◆ **Work task**
Set down the final stretch of the data, from the line that holds "Answer: Higher exercise" through the last line, both included, with pictures left out.
☆ ☆ ☆ ☆
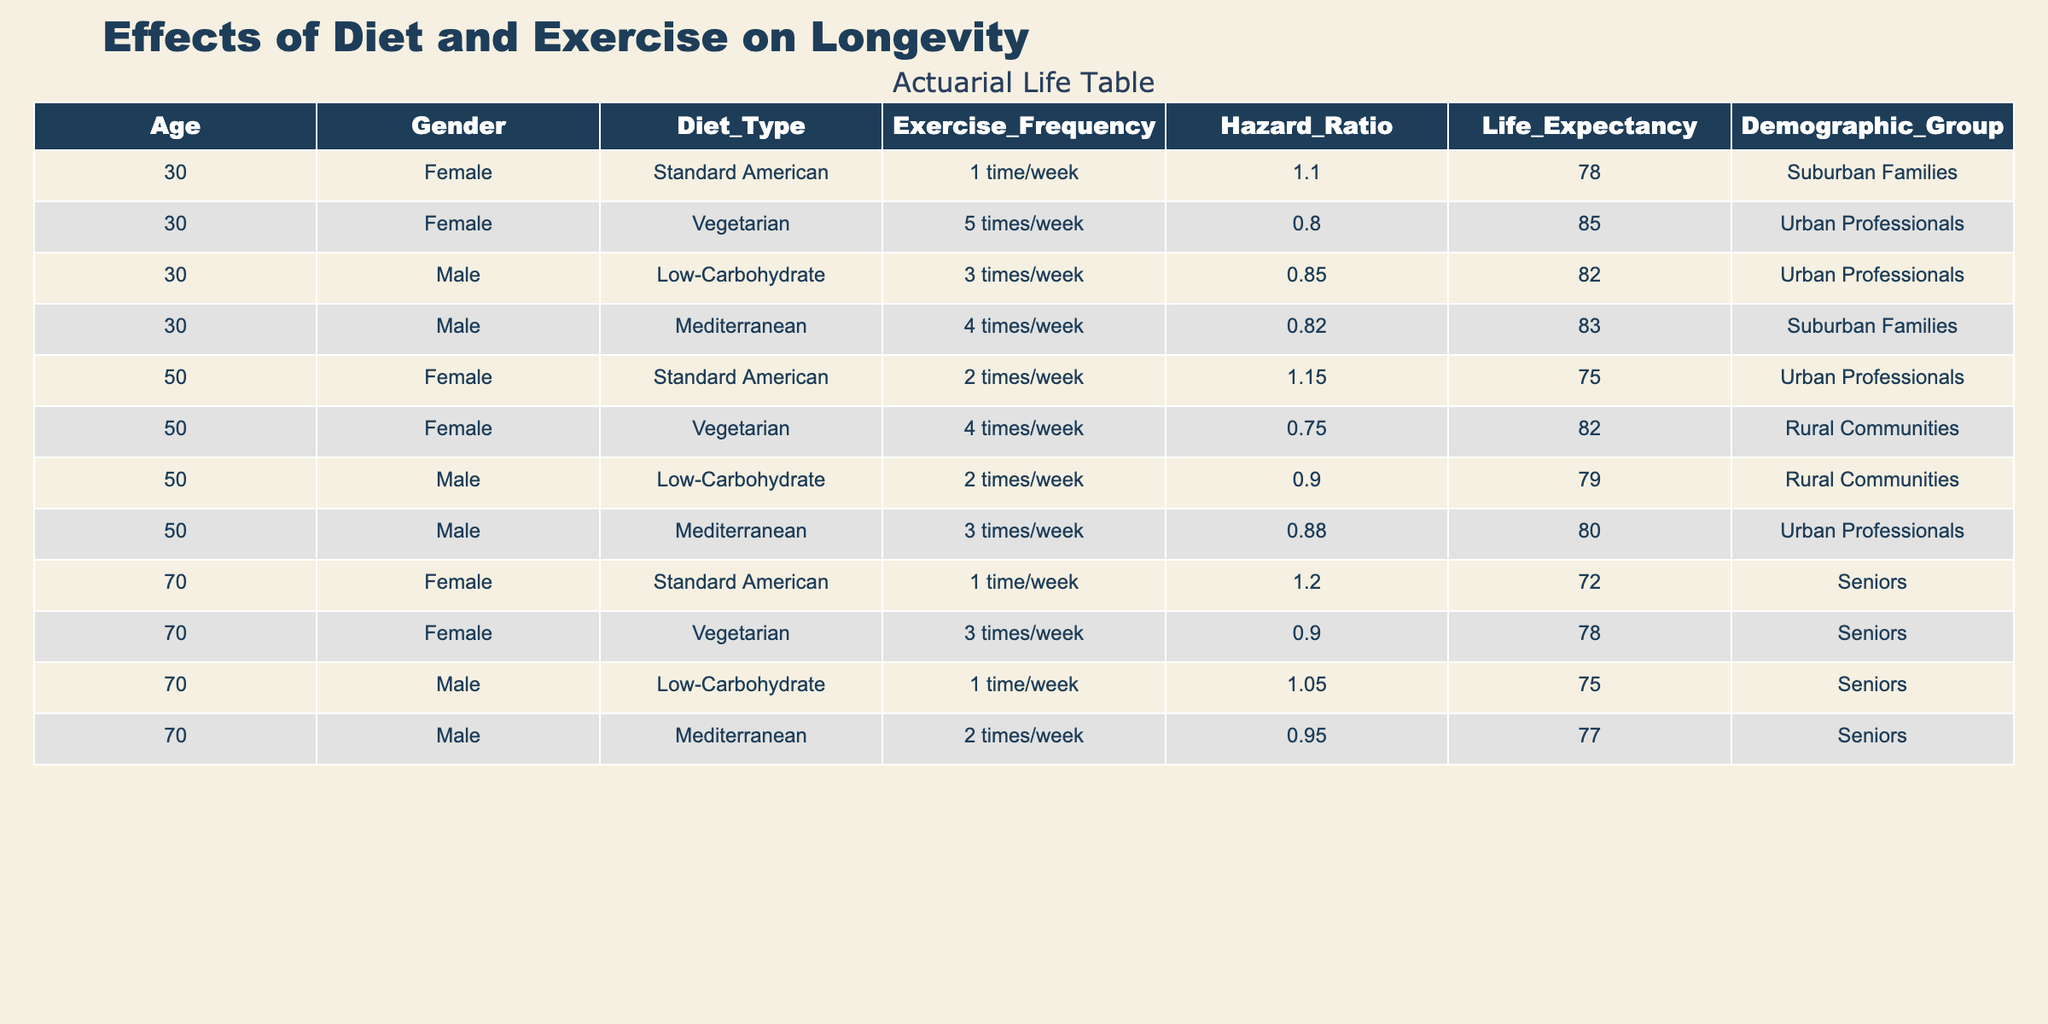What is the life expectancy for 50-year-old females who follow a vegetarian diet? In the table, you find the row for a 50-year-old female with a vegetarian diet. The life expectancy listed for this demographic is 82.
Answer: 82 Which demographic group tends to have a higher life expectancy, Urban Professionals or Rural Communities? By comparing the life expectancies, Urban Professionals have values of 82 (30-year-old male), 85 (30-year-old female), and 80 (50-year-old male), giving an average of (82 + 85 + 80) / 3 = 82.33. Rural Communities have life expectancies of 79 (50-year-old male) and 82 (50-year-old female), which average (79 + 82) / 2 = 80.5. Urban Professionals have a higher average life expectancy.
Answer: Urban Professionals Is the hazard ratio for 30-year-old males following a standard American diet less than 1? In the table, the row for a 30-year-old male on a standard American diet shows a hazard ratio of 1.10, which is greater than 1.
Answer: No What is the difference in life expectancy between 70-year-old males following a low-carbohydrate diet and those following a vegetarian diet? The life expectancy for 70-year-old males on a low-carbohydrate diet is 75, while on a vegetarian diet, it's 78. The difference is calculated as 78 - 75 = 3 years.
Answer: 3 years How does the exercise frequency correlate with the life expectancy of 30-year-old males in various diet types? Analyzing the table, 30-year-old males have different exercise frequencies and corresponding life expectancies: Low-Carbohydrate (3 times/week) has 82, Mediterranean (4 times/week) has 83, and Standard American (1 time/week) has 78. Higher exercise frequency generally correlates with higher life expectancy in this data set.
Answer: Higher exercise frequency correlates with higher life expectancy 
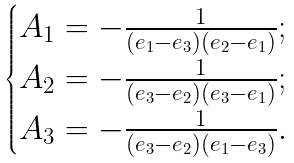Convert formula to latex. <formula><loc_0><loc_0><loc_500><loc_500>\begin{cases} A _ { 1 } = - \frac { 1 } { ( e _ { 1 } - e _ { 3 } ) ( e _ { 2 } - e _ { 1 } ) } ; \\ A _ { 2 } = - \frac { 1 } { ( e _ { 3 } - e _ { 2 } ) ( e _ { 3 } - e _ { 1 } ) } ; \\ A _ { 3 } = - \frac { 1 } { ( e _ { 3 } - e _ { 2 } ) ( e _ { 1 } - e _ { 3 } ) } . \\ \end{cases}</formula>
☆ ☆ ☆ ☆
◆ **Completed task**
Answer: Higher exercise frequency correlates with higher life expectancy 
Convert formula to latex. <formula><loc_0><loc_0><loc_500><loc_500>\begin{cases} A _ { 1 } = - \frac { 1 } { ( e _ { 1 } - e _ { 3 } ) ( e _ { 2 } - e _ { 1 } ) } ; \\ A _ { 2 } = - \frac { 1 } { ( e _ { 3 } - e _ { 2 } ) ( e _ { 3 } - e _ { 1 } ) } ; \\ A _ { 3 } = - \frac { 1 } { ( e _ { 3 } - e _ { 2 } ) ( e _ { 1 } - e _ { 3 } ) } . \\ \end{cases}</formula>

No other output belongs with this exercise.